Note d’information sur la jurisprudence de la Cour No 154
Juillet 2012
Samsonnikov c. Estonie - 52178/10
Arrêt 3.7.2012 [Section I]
Article 8
Expulsion
Expulsion d’un résident de longue durée après une série de condamnations pénales: non-violation
En fait – Le requérant est né en 1978 en Estonie où, titulaire d’un permis de séjour temporaire, il a pratiquement toujours vécu jusqu’à son expulsion en 2011. Il apparaît qu’il n’a jamais officiellement demandé la nationalité estonienne, mais en revanche qu’il a obtenu la nationalité russe en 1998, après avoir fréquenté une école russophone à Tallinn. Son père et son frère vivent tous deux en Estonie avec leur famille respective. A partir de 1997, le requérant se vit infliger une série de condamnations pour des infractions pénales, dont des voies de faits et des infractions à la législation sur les stupéfiants, et fut également reconnu coupable de divers délits. En 2008, il fut condamné pour trafic de stupéfiants avec circonstances aggravantes en Suède. A sa sortie de prison en 2009, il fut expulsé vers l’Estonie, mais les autorités de ce pays avaient dans l’intervalle refusé de renouveler son permis de séjour temporaire en raison de la nature et de la gravité des infractions qu’il avait commises. Il fut expulsé vers la Russie en 2011 et fit l’objet d’une interdiction de territoire d’une durée de trois ans.
En droit – Article 8: Nul doute que l’expulsion du requérant d’Estonie porte atteinte au droit de celui-ci au respect de sa vie privée. Toutefois, quant à la vie familiale de l’intéressé, rien n’indique qu’il ait entretenu avec son père ou son frère des liens autres que ceux qui unissent généralement les membres adultes d’une famille.
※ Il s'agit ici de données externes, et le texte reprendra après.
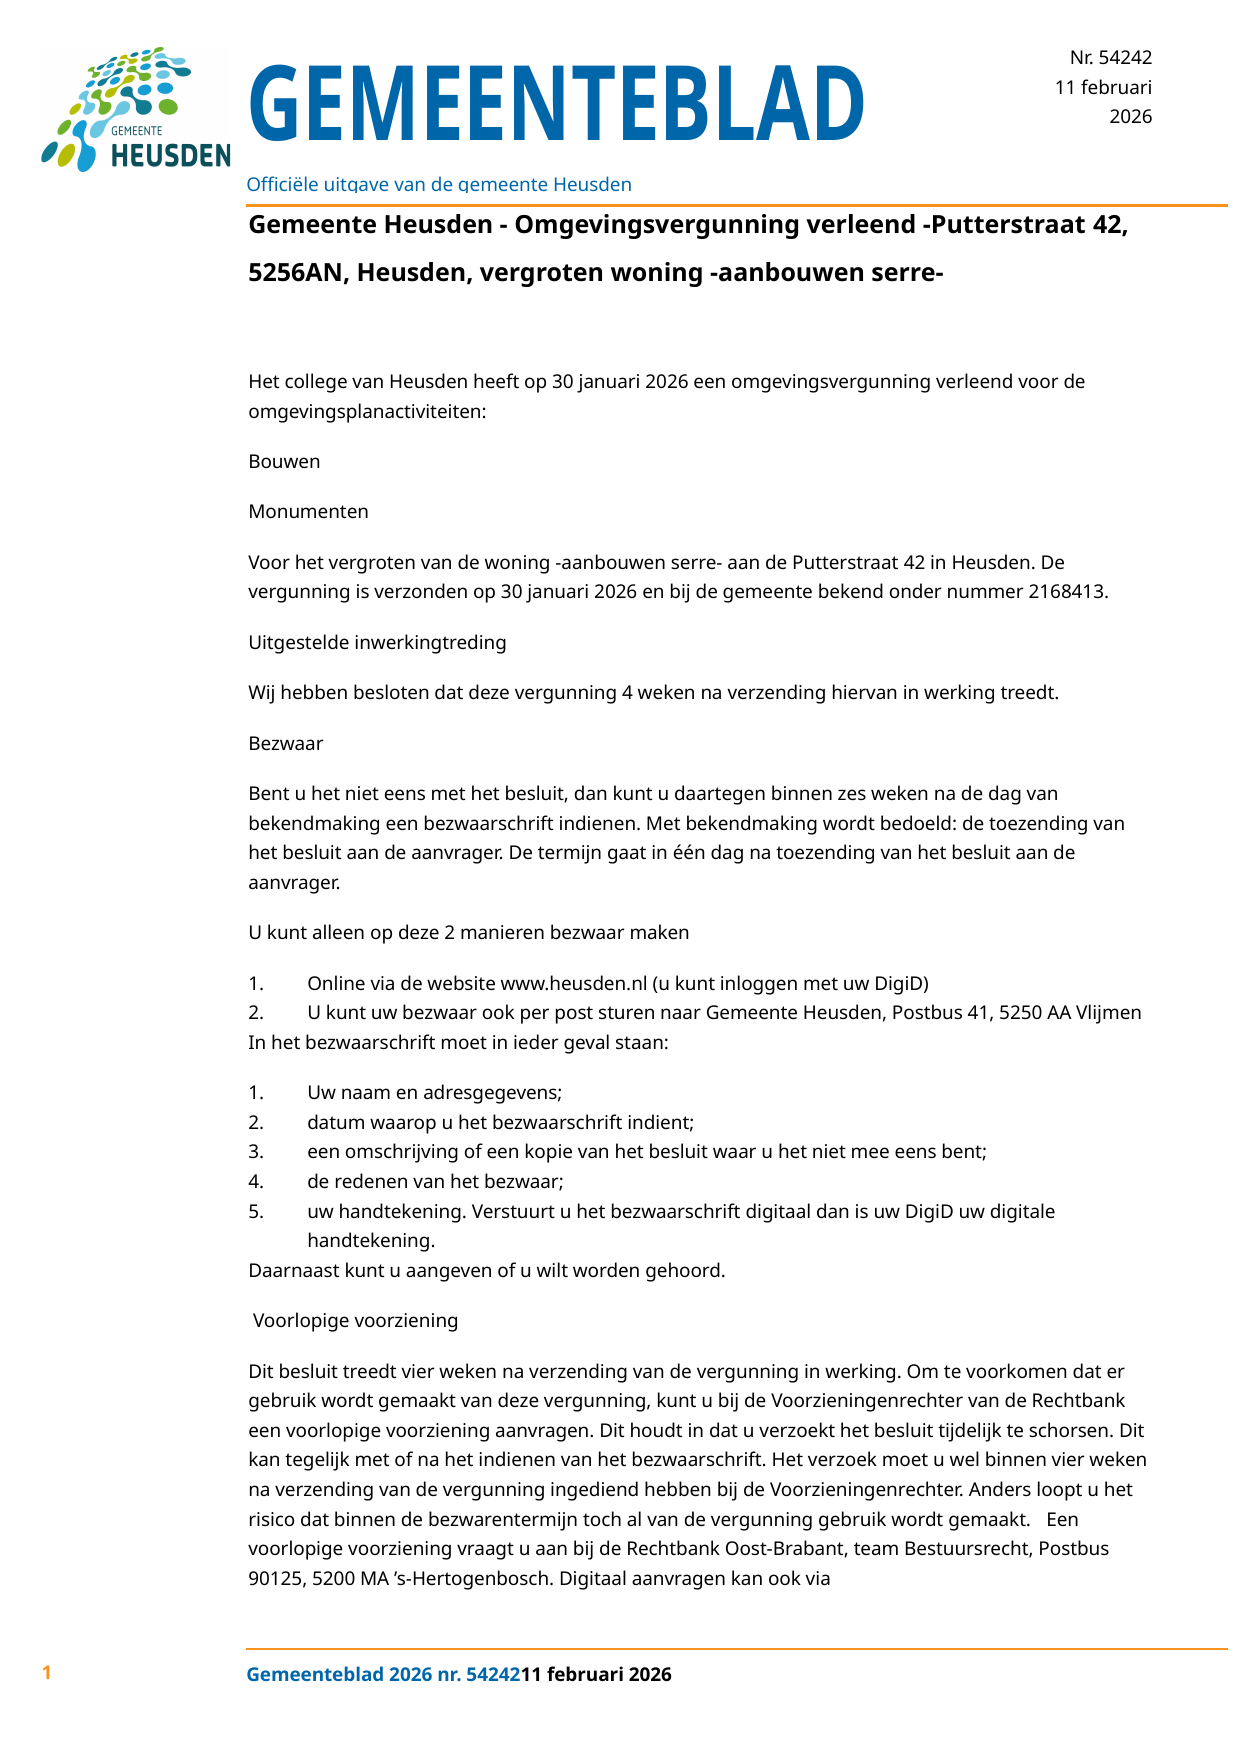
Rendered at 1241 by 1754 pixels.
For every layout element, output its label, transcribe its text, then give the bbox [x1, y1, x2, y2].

list datum waarop u het bezwaarschrift indient; [248, 1109, 1152, 1135]
text U kunt alleen op deze 2 manieren bezwaar maken [248, 919, 1152, 945]
text Bezwaar [248, 730, 1152, 756]
text In het bezwaarschrift moet in ieder geval staan: [248, 1029, 1152, 1055]
list Online via de website www.heusden.nl (u kunt inloggen met uw DigiD) [248, 970, 1152, 996]
text Voorlopige voorziening [248, 1307, 1152, 1333]
text Bent u het niet eens met het besluit, dan kunt u daartegen binnen zes weken na de dag van bekendmaking een bezwaarschrift indienen. Met bekendmaking wordt bedoeld: de toezending van het besluit aan de aanvrager. De termijn gaat in één dag na toezending van het besluit aan de aanvrager. [248, 780, 1152, 895]
picture [41, 47, 231, 172]
text Dit besluit treedt vier weken na verzending van de vergunning in werking. Om te voorkomen dat er gebruik wordt gemaakt van deze vergunning, kunt u bij de Voorzieningenrechter van de Rechtbank een voorlopige voorziening aanvragen. Dit houdt in dat u verzoekt het besluit tijdelijk te schorsen. Dit kan tegelijk met of na het indienen van het bezwaarschrift. Het verzoek moet u wel binnen vier weken na verzending van de vergunning ingediend hebben bij de Voorzieningenrechter. Anders loopt u het risico dat binnen de bezwarentermijn toch al van de vergunning gebruik wordt gemaakt. Een voorlopige voorziening vraagt u aan bij de Rechtbank Oost-Brabant, team Bestuursrecht, Postbus 90125, 5200 MA ’s-Hertogenbosch. Digitaal aanvragen kan ook via [248, 1358, 1152, 1591]
list U kunt uw bezwaar ook per post sturen naar Gemeente Heusden, Postbus 41, 5250 AA Vlijmen [248, 999, 1152, 1025]
list een omschrijving of een kopie van het besluit waar u het niet mee eens bent; [248, 1139, 1152, 1164]
list Uw naam en adresgegevens; [248, 1079, 1152, 1105]
text Het college van Heusden heeft op 30 januari 2026 een omgevingsvergunning verleend voor de omgevingsplanactiviteiten: [248, 368, 1152, 424]
text Daarnaast kunt u aangeven of u wilt worden gehoord. [248, 1257, 1152, 1283]
list uw handtekening. Verstuurt u het bezwaarschrift digitaal dan is uw DigiD uw digitale handtekening. [248, 1198, 1152, 1253]
text Bouwen [248, 448, 1152, 474]
text Monumenten [248, 499, 1152, 524]
text Gemeente Heusden - Omgevingsvergunning verleend -Putterstraat 42, 5256AN, Heusden, vergroten woning -aanbouwen serre- [248, 207, 1152, 288]
text Voor het vergroten van de woning -aanbouwen serre- aan de Putterstraat 42 in Heusden. De vergunning is verzonden op 30 januari 2026 en bij de gemeente bekend onder nummer 2168413. [248, 549, 1152, 604]
text Uitgestelde inwerkingtreding [248, 629, 1152, 655]
list de redenen van het bezwaar; [248, 1168, 1152, 1194]
text Wij hebben besloten dat deze vergunning 4 weken na verzending hiervan in werking treedt. [248, 679, 1152, 705]
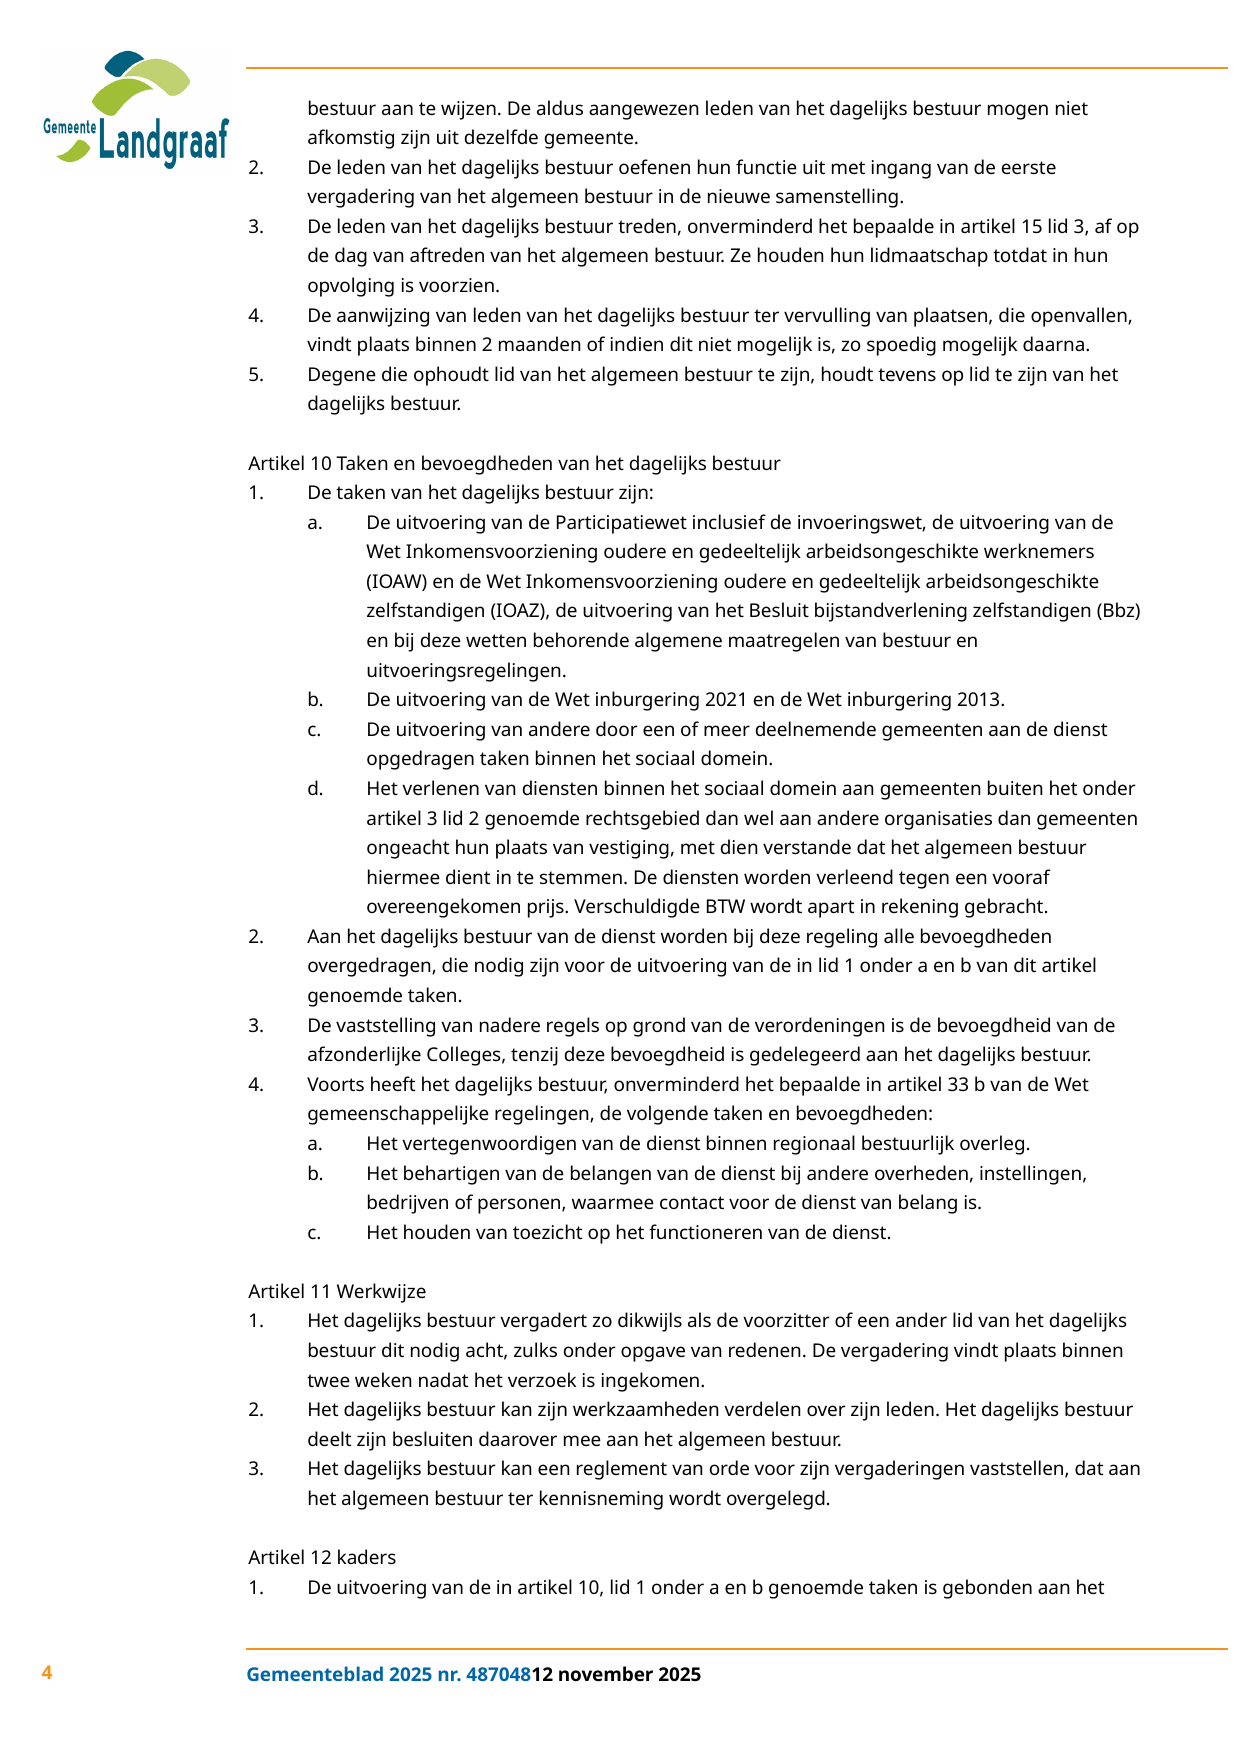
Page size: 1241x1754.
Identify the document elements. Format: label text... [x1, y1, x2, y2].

list De uitvoering van de in artikel 10, lid 1 onder a en b genoemde taken is gebonden aan het [248, 1574, 1152, 1600]
list Voorts heeft het dagelijks bestuur, onverminderd het bepaalde in artikel 33 b van de Wet gemeenschappelijke regelingen, de volgende taken en bevoegdheden: [248, 1071, 1152, 1126]
list Het dagelijks bestuur kan zijn werkzaamheden verdelen over zijn leden. Het dagelijks bestuur deelt zijn besluiten daarover mee aan het algemeen bestuur. [248, 1396, 1152, 1452]
list Degene die ophoudt lid van het algemeen bestuur te zijn, houdt tevens op lid te zijn van het dagelijks bestuur. [248, 361, 1152, 416]
list Het houden van toezicht op het functioneren van de dienst. [307, 1219, 1152, 1245]
list De leden van het dagelijks bestuur oefenen hun functie uit met ingang van de eerste vergadering van het algemeen bestuur in de nieuwe samenstelling. [248, 154, 1152, 209]
list Aan het dagelijks bestuur van de dienst worden bij deze regeling alle bevoegdheden overgedragen, die nodig zijn voor de uitvoering van de in lid 1 onder a en b van dit artikel genoemde taken. [248, 923, 1152, 1008]
list De uitvoering van de Participatiewet inclusief de invoeringswet, de uitvoering van de Wet Inkomensvoorziening oudere en gedeeltelijk arbeidsongeschikte werknemers (IOAW) en de Wet Inkomensvoorziening oudere en gedeeltelijk arbeidsongeschikte zelfstandigen (IOAZ), de uitvoering van het Besluit bijstandverlening zelfstandigen (Bbz) en bij deze wetten behorende algemene maatregelen van bestuur en uitvoeringsregelingen. [307, 509, 1152, 683]
list Het dagelijks bestuur vergadert zo dikwijls als de voorzitter of een ander lid van het dagelijks bestuur dit nodig acht, zulks onder opgave van redenen. De vergadering vindt plaats binnen twee weken nadat het verzoek is ingekomen. [248, 1308, 1152, 1393]
list De taken van het dagelijks bestuur zijn: [248, 479, 1152, 505]
text Artikel 11 Werkwijze [248, 1278, 1152, 1304]
text Artikel 12 kaders [248, 1544, 1152, 1570]
list Het dagelijks bestuur kan een reglement van orde voor zijn vergaderingen vaststellen, dat aan het algemeen bestuur ter kennisneming wordt overgelegd. [248, 1456, 1152, 1511]
list De aanwijzing van leden van het dagelijks bestuur ter vervulling van plaatsen, die openvallen, vindt plaats binnen 2 maanden of indien dit niet mogelijk is, zo spoedig mogelijk daarna. [248, 302, 1152, 357]
text Artikel 10 Taken en bevoegdheden van het dagelijks bestuur [248, 450, 1152, 476]
picture [41, 47, 231, 172]
list De uitvoering van de Wet inburgering 2021 en de Wet inburgering 2013. [307, 686, 1152, 712]
list Het vertegenwoordigen van de dienst binnen regionaal bestuurlijk overleg. [307, 1130, 1152, 1156]
list De vaststelling van nadere regels op grond van de verordeningen is de bevoegdheid van de afzonderlijke Colleges, tenzij deze bevoegdheid is gedelegeerd aan het dagelijks bestuur. [248, 1012, 1152, 1067]
list bestuur aan te wijzen. De aldus aangewezen leden van het dagelijks bestuur mogen niet afkomstig zijn uit dezelfde gemeente. [248, 95, 1152, 150]
list De uitvoering van andere door een of meer deelnemende gemeenten aan de dienst opgedragen taken binnen het sociaal domein. [307, 716, 1152, 771]
list Het behartigen van de belangen van de dienst bij andere overheden, instellingen, bedrijven of personen, waarmee contact voor de dienst van belang is. [307, 1160, 1152, 1215]
list De leden van het dagelijks bestuur treden, onverminderd het bepaalde in artikel 15 lid 3, af op de dag van aftreden van het algemeen bestuur. Ze houden hun lidmaatschap totdat in hun opvolging is voorzien. [248, 213, 1152, 298]
list Het verlenen van diensten binnen het sociaal domein aan gemeenten buiten het onder artikel 3 lid 2 genoemde rechtsgebied dan wel aan andere organisaties dan gemeenten ongeacht hun plaats van vestiging, met dien verstande dat het algemeen bestuur hiermee dient in te stemmen. De diensten worden verleend tegen een vooraf overeengekomen prijs. Verschuldigde BTW wordt apart in rekening gebracht. [307, 775, 1152, 919]

Le requérant avait certes une compagne en Estonie, mais il n’avait commencé à cohabiter avec elle qu’après son expulsion de Suède, si bien que le couple ne pouvait pas ignorer que le statut de résident du requérant en Estonie était précaire. Celui-ci n’a jamais sollicité la nationalité estonienne, mais a obtenu la nationalité russe, s’identifiant donc apparemment à ce pays. Le cercle social du requérant, notamment ses proches et sa compagne, était principalement composé de personnes d’origine russe et des membres de sa famille vivaient en Russie. Tous ces éléments indiquent que le requérant ne rencontrerait pas des difficultés insurmontables pour s’installer en Russie. Les autorités estoniennes ont refusé au requérant sa demande de renouvellement de son permis de séjour, non seulement en raison de sa condamnation pénale en Suède, mais sur la base d’une appréciation de l’ensemble des circonstances, notamment des antécédents judiciaires de l’intéressé en Estonie – huit ans d’emprisonnement au total dans les douze ans passés. Compte tenu de l’âge du requérant, du laps de temps pendant lequel il a commis ces infractions et de la gravité de celles-ci, sa conduite ne saurait être qualifiée de simple « délinquance juvénile ». La Cour note en outre que la Recommandation Rec(2000)15 du Comité des Ministres du Conseil de l’Europe* énonce que chaque Etat membre devrait pouvoir prévoir, dans sa législation interne, la possibilité d’expulser un immigré de longue durée, si celui-ci constitue une menace grave pour la sécurité publique ou la sûreté de l’Etat. Enfin, l’interdiction de territoire d’une durée de trois ans en Estonie ne constitue pas une atteinte disproportionnée aux droits du requérant protégés par la Convention.
Conclusion: non-violation (cinq voix contre deux).
(Voir aussi Mutlag c. Allemagne, no 40601/05, 25 mars 2010, Note d’information no 128, et Maslov c. Autriche [GC], no 1638/03, 23 juin 2008, Note d’information no 109)
*Recommandation Rec(2000)15 du Comité des Ministres aux Etats membres sur la sécurité de résidence des immigrés de longue durée, adoptée le 13 septembre 2000.
© Conseil de l’Europe/Cour européenne des droits de l’homme
Rédigé par le greffe, ce résumé ne lie pas la Cour.